● Instructions to follow
What lines below include the string "around"? Pick them out and copy them.

Records from a data source:
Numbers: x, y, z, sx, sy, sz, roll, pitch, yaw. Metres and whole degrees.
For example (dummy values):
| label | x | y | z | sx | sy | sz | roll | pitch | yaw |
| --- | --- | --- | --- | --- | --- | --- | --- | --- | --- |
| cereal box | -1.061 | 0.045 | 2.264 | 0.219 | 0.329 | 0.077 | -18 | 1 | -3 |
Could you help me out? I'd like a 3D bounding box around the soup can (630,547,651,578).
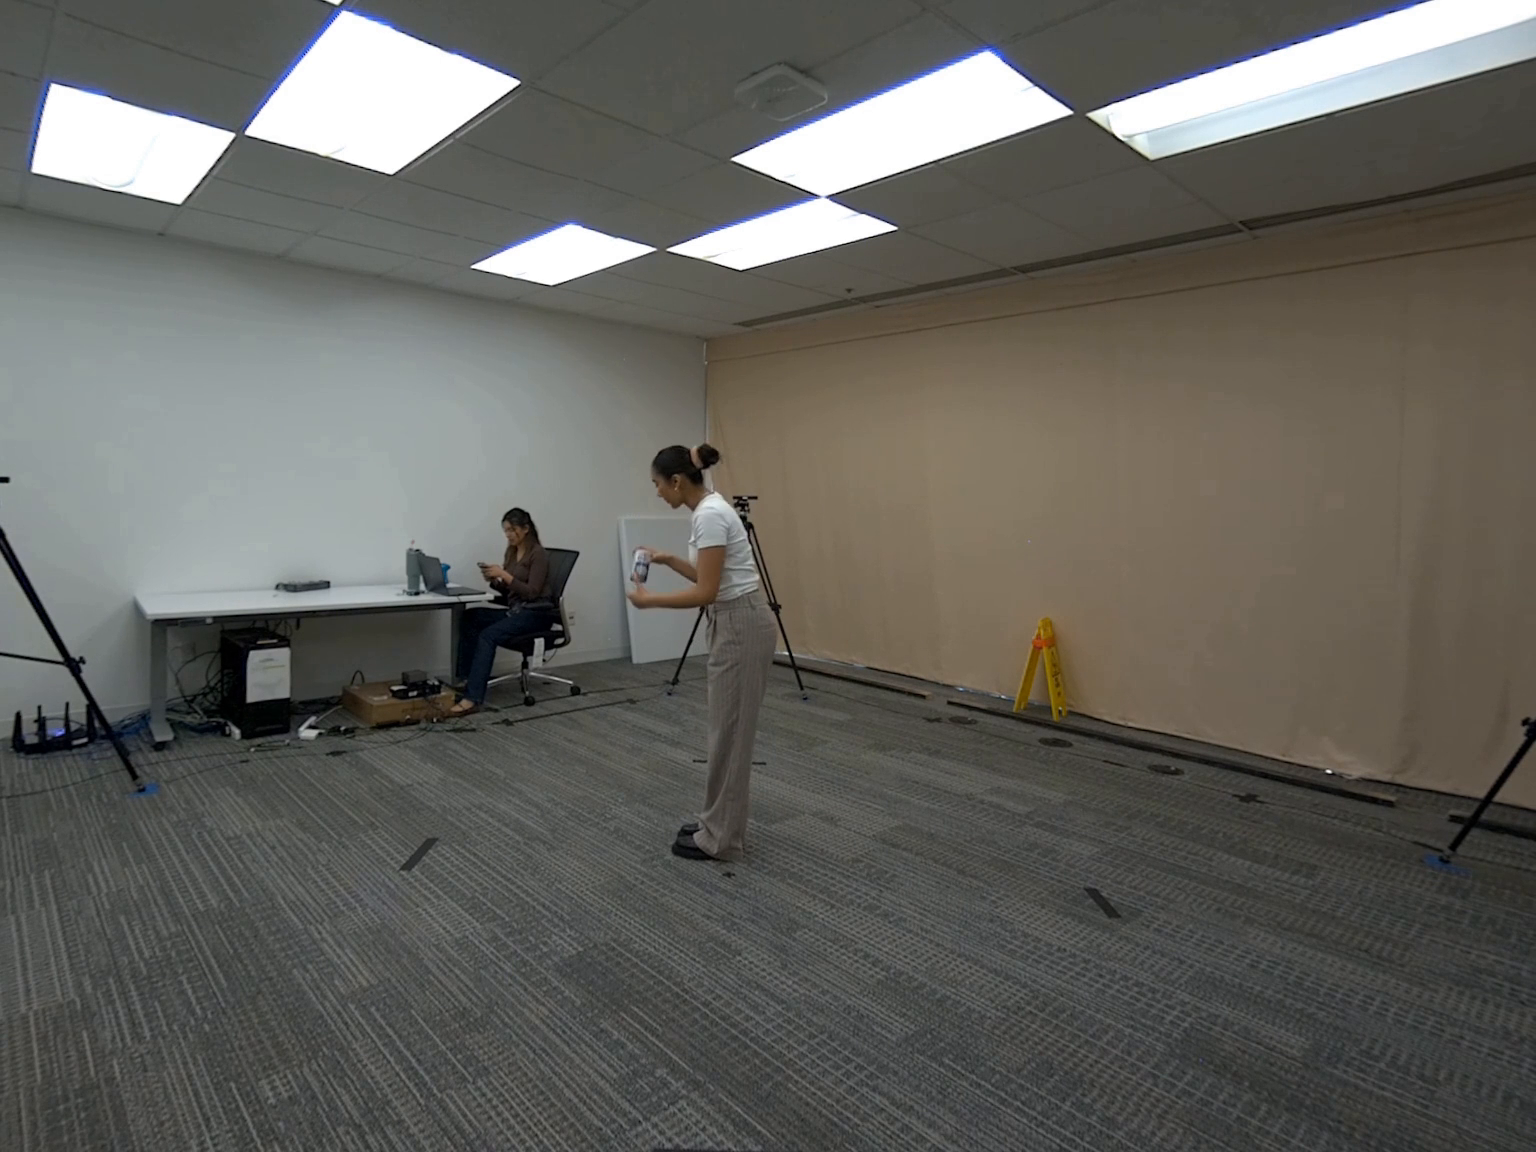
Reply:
--
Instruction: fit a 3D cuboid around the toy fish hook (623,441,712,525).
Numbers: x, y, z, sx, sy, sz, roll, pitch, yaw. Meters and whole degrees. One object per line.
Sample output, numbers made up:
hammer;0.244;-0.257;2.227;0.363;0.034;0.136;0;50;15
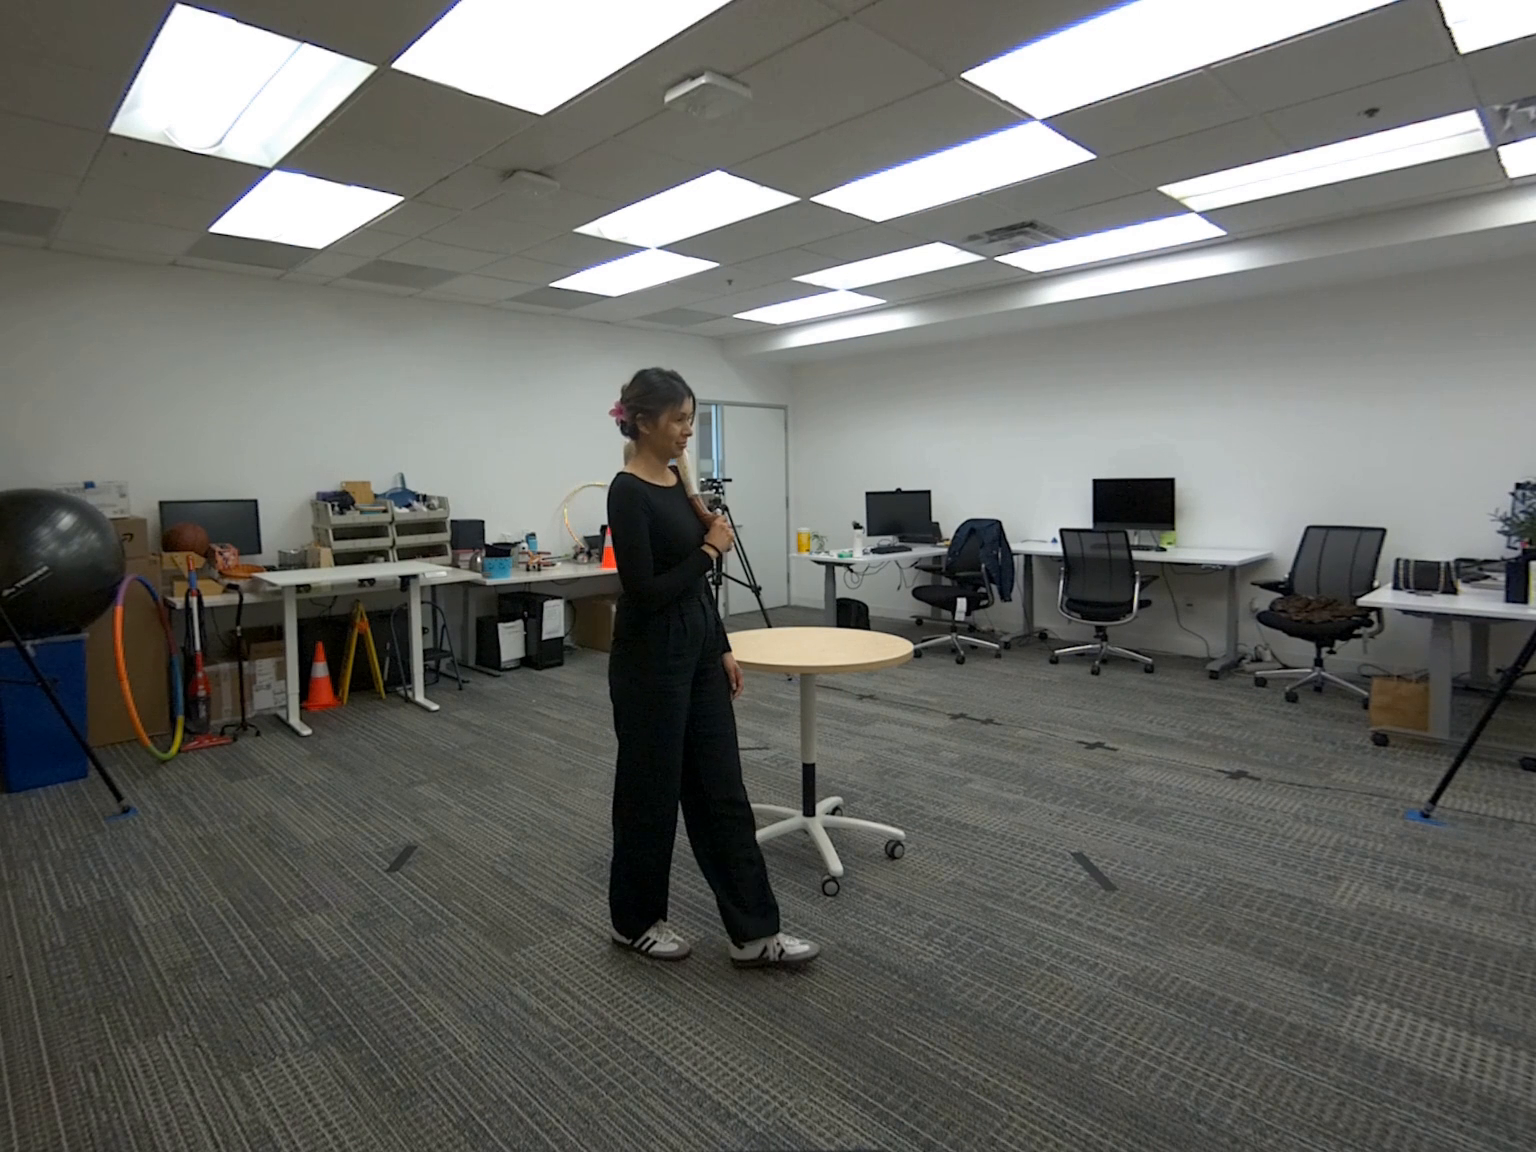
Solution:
--
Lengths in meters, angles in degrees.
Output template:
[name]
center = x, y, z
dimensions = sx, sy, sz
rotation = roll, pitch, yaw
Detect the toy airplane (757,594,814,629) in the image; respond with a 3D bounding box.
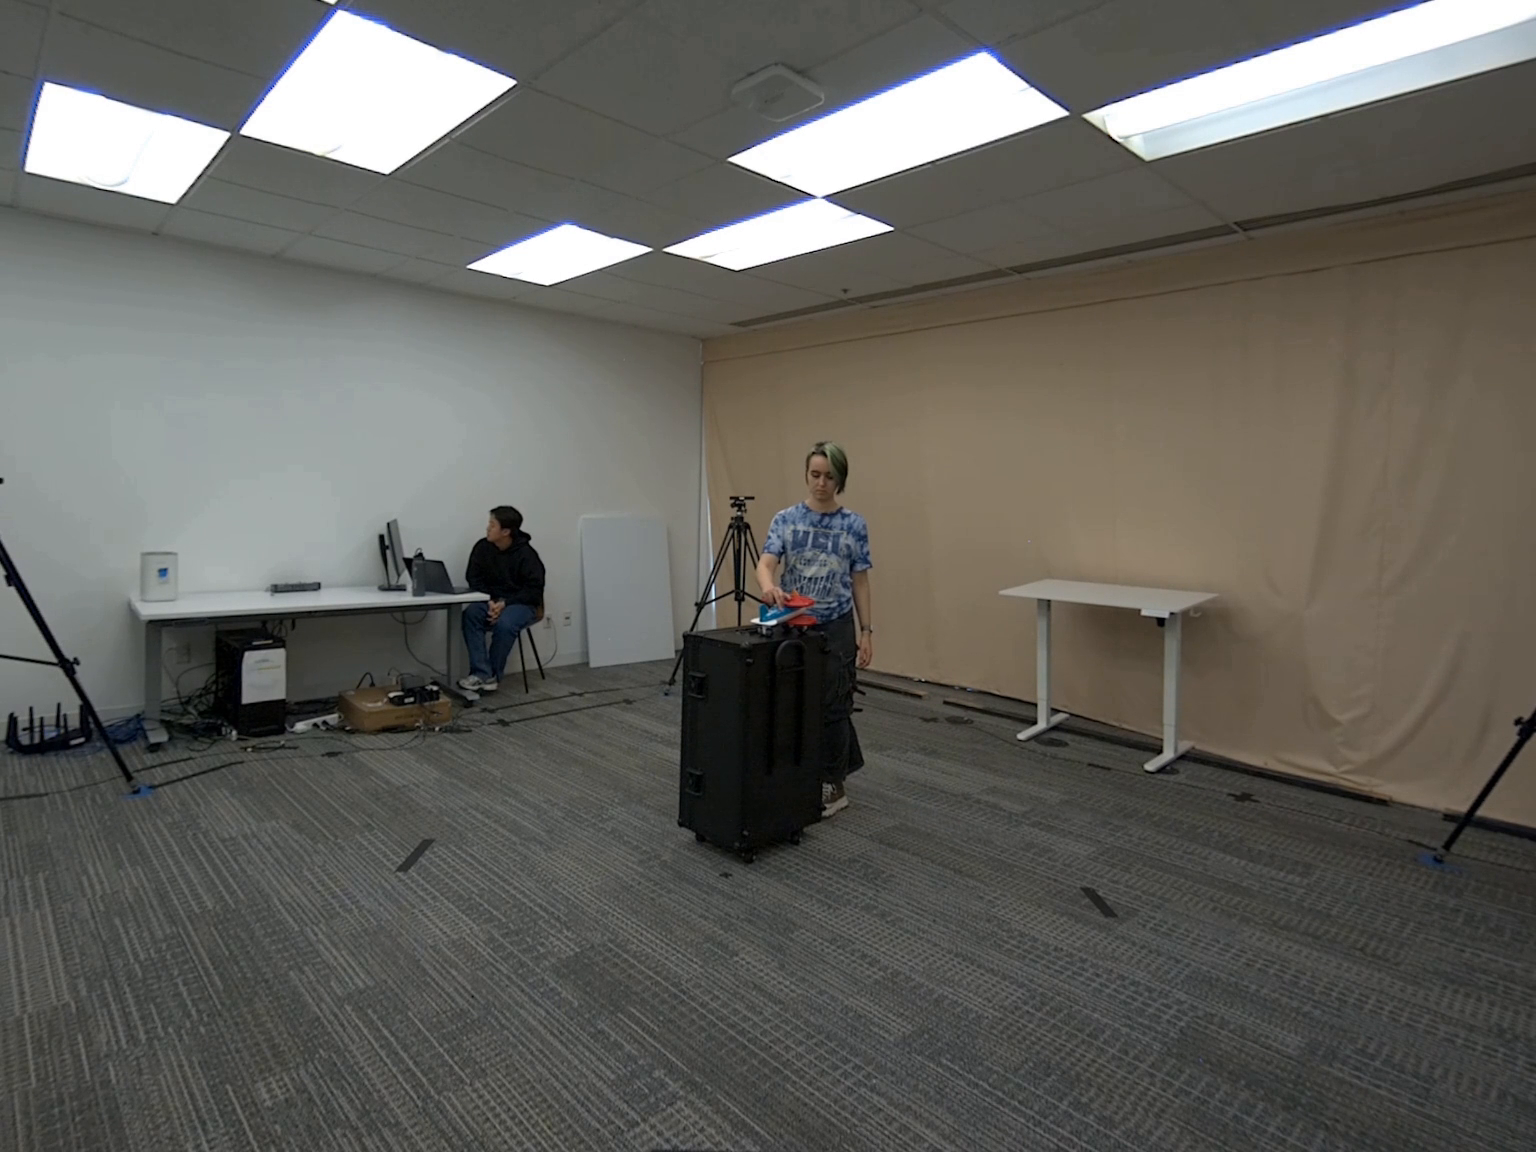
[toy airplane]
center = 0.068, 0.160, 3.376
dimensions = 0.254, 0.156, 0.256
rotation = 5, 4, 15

● Answer to this task
Could you help me out? I'd like a 3D bounding box around the soup can (630,547,651,578).
Instruction: fit a 3D cuboid around the toy fish hook (623,441,712,525).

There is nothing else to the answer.